CONCLUSION AND RECOMMENDATIONS
The study evaluated integrated reporting disclosure of Nigerian listed non-financial firms in relation to pressure emanating from corporate stakeholders with particular reference to employee, customers, environment, shareholders and customers. The study concluded that IRQ was positively associated with environmental pressure and creditors’ pressure but negatively related with employees’ pressure and shareholders’ pressure with insignificant relationship recorded by customers’ pressure. The study demonstrated that stakeholders’ pressure has significant impact on the IR quality of listed non-financial companies in Nigeria. In line with the findings of this study, it is recommended that the top management of the selected companies should develop a culture of integrated thinking within the company to consider the key stakeholders and the pressure they exert when allocating resources to the process of preparing annual accounts of the company. This research avails the management of non-financial enterprises greater understanding of how to bring the various stakeholder interests into line with improving the standard of IR transparency in their organizations. The study also presents a useful guide to corporate regulatory bodies for richer understanding of how various mechanisms of stakeholders’ pressure interact with integrated reporting of listed companies in Nigeria. It is however important to note that the use of binary dummy variables to measure customers’ and environmental pressure is a major source of constraint in this study.
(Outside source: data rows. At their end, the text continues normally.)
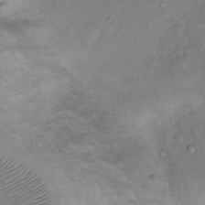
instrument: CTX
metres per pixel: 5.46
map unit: Nhu
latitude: 12.1956
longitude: -28.6679
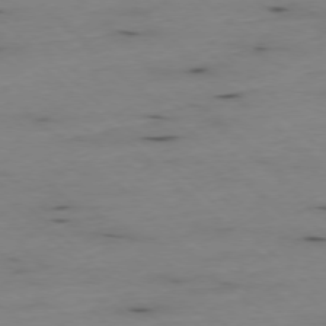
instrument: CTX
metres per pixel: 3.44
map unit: Ap
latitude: -77.4643
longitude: -90.1578
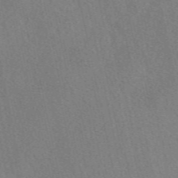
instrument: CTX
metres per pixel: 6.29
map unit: eAb
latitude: 48.9136
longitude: 112.5763
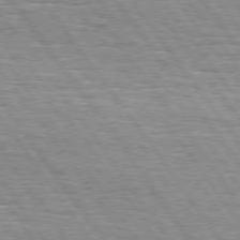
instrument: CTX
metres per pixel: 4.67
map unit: Hpe
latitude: 74.4790
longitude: -138.4601
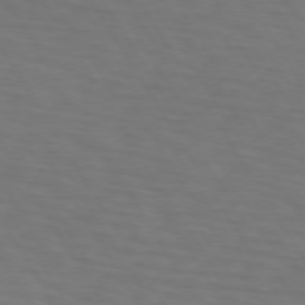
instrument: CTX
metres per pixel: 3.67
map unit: lApd
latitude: 73.0081
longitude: -75.1214
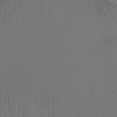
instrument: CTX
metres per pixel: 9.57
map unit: Htu
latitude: -14.5007
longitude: -45.9339
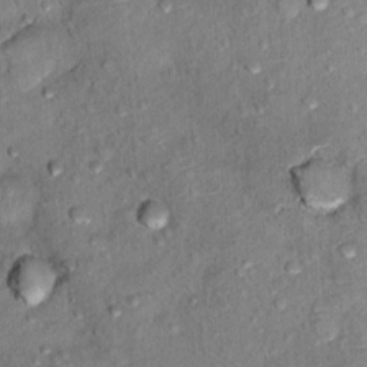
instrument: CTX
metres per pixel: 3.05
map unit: Ht
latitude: 11.0081
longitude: -37.9150
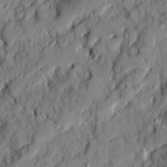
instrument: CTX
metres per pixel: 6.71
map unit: Ave
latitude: 19.7260
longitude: -129.1970
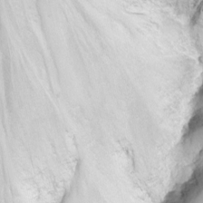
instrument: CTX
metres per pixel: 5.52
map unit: Nhu
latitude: -8.3117
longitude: -73.0647
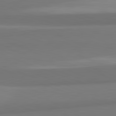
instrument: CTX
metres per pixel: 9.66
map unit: lApd
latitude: 82.2522
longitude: 170.2551
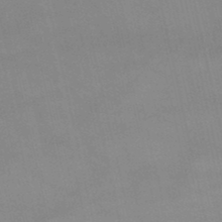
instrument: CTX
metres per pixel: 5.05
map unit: lHb
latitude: -48.3118
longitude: 70.4629
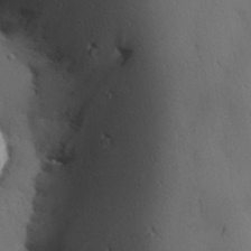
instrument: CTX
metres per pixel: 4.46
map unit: Hve
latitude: 24.8191
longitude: -97.6127
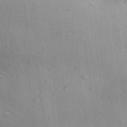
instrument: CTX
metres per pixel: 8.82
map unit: Aa
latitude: 30.2523
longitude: -145.4615

The robustness of the results would be greatly increased if scholars in the future employ a more sophisticated measurement instead of binary proxies.
ACKNOWLEDGMENT
This research was sponsored by the Tertiary Education Trust Fund (TETFund), through its institutional based research allocation. The TETFund is an agency of the government of the Federal Republic of Nigeria, established to enhance academic excellence through training and retraining of the workforce in the Nigerian tertiary education system. I am very grateful for the sponsorship.